Little Leprechauns

Archive for June, 2007

Mountain Men

Wednesday, June 27th, 2007

Hey All,

We are being pretty poor with the posts of late but that is becuase we have entered a new section of our trip, the rough section. We are staying in a place called VattaKanal. Its a mountain village (2000ft above sealevel). We have our own two story house with a bathroom, kitchen, sitting room and bedroom all for 200rps per night(4euro). Now you might say that we are living in the lap of luxury but there is no running water, there is very little electritiy ie. 70% of the time we don’t have electricty. Buts its nice getting back to nature and all that. We have tasks in the morning like getting the water for the day and also sorting out kindling( small sticks to get the fire going for all of you with out solid wilderness knowledge).
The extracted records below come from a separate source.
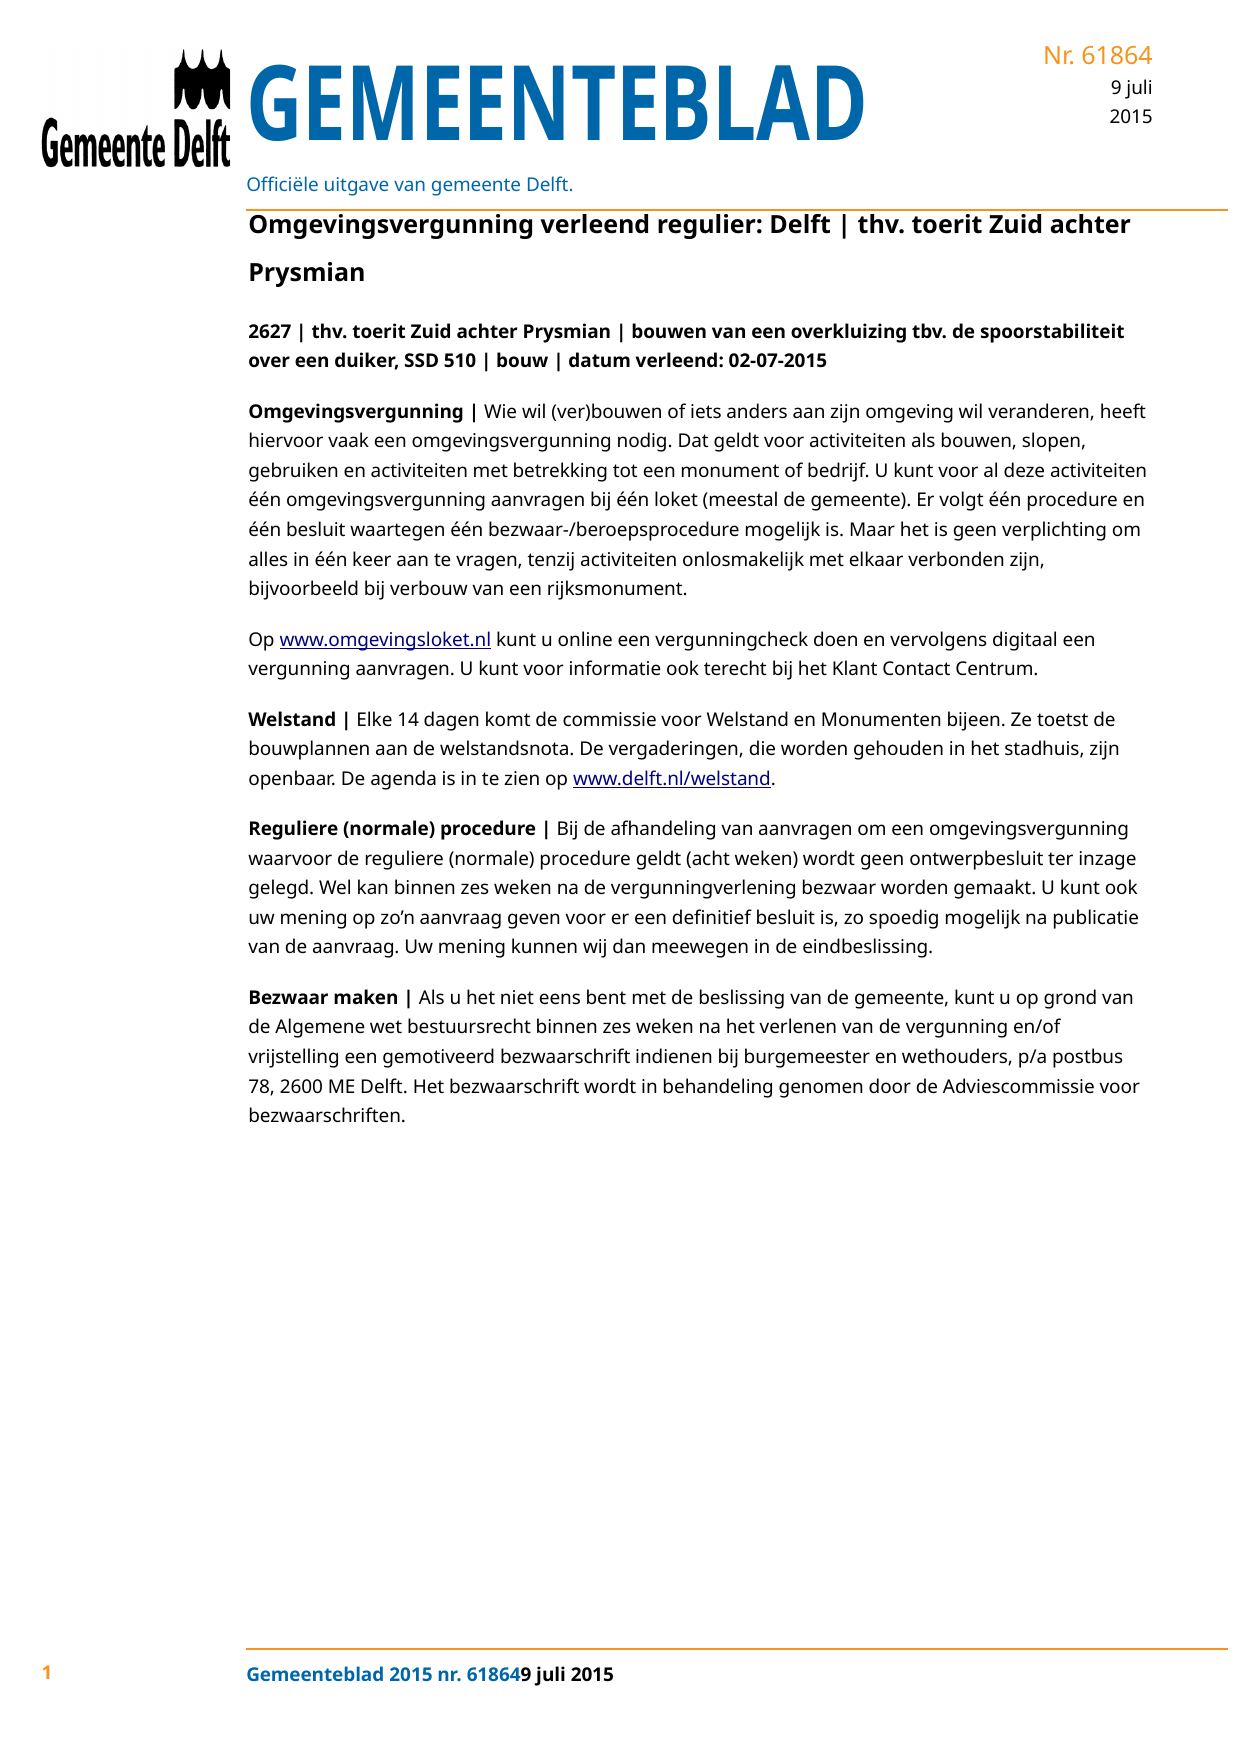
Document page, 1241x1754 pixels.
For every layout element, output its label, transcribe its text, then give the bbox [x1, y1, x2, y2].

text Omgevingsvergunning | Wie wil (ver)bouwen of iets anders aan zijn omgeving wil veranderen, heeft hiervoor vaak een omgevingsvergunning nodig. Dat geldt voor activiteiten als bouwen, slopen, gebruiken en activiteiten met betrekking tot een monument of bedrijf. U kunt voor al deze activiteiten één omgevingsvergunning aanvragen bij één loket (meestal de gemeente). Er volgt één procedure en één besluit waartegen één bezwaar-/beroepsprocedure mogelijk is. Maar het is geen verplichting om alles in één keer aan te vragen, tenzij activiteiten onlosmakelijk met elkaar verbonden zijn, bijvoorbeeld bij verbouw van een rijksmonument. [248, 398, 1152, 601]
text Bezwaar maken | Als u het niet eens bent met de beslissing van de gemeente, kunt u op grond van de Algemene wet bestuursrecht binnen zes weken na het verlenen van de vergunning en/of vrijstelling een gemotiveerd bezwaarschrift indienen bij burgemeester en wethouders, p/a postbus 78, 2600 ME Delft. Het bezwaarschrift wordt in behandeling genomen door de Adviescommissie voor bezwaarschriften. [248, 984, 1152, 1128]
text Welstand | Elke 14 dagen komt de commissie voor Welstand en Monumenten bijeen. Ze toetst de bouwplannen aan de welstandsnota. De vergaderingen, die worden gehouden in het stadhuis, zijn openbaar. De agenda is in te zien op www.delft.nl/welstand. [248, 706, 1152, 791]
text Reguliere (normale) procedure | Bij de afhandeling van aanvragen om een omgevingsvergunning waarvoor de reguliere (normale) procedure geldt (acht weken) wordt geen ontwerpbesluit ter inzage gelegd. Wel kan binnen zes weken na de vergunningverlening bezwaar worden gemaakt. U kunt ook uw mening op zo’n aanvraag geven voor er een definitief besluit is, zo spoedig mogelijk na publicatie van de aanvraag. Uw mening kunnen wij dan meewegen in de eindbeslissing. [248, 815, 1152, 959]
text Omgevingsvergunning verleend regulier: Delft | thv. toerit Zuid achter Prysmian [248, 211, 1152, 288]
text Op www.omgevingsloket.nl kunt u online een vergunningcheck doen en vervolgens digitaal een vergunning aanvragen. U kunt voor informatie ook terecht bij het Klant Contact Centrum. [248, 626, 1152, 681]
picture [41, 47, 231, 172]
text 2627 | thv. toerit Zuid achter Prysmian | bouwen van een overkluizing tbv. de spoorstabiliteit over een duiker, SSD 510 | bouw | datum verleend: 02-07-2015 [248, 318, 1152, 373]

Its good fun, we have breakfeast in the mornings with a bit of Chai, I make a good cup of chai! Then figure out what we are going to do for the day, either go for a trek, take a shower in the waterfall,  do some shopping for supplies, meet up with the lads(3 indian travellers) and have some dinner, I was telling them about steak and its how good it is so one of the lads took me to the buchers on his motorbike. Now its not the most hygenic place in the world but the way they sell the meat is hillarious. for any cut of meat is 80rps per kg. So I had a look around and was able to get enough for 6 steaks (Good steaks), and enough for 3 curries talk about good eating.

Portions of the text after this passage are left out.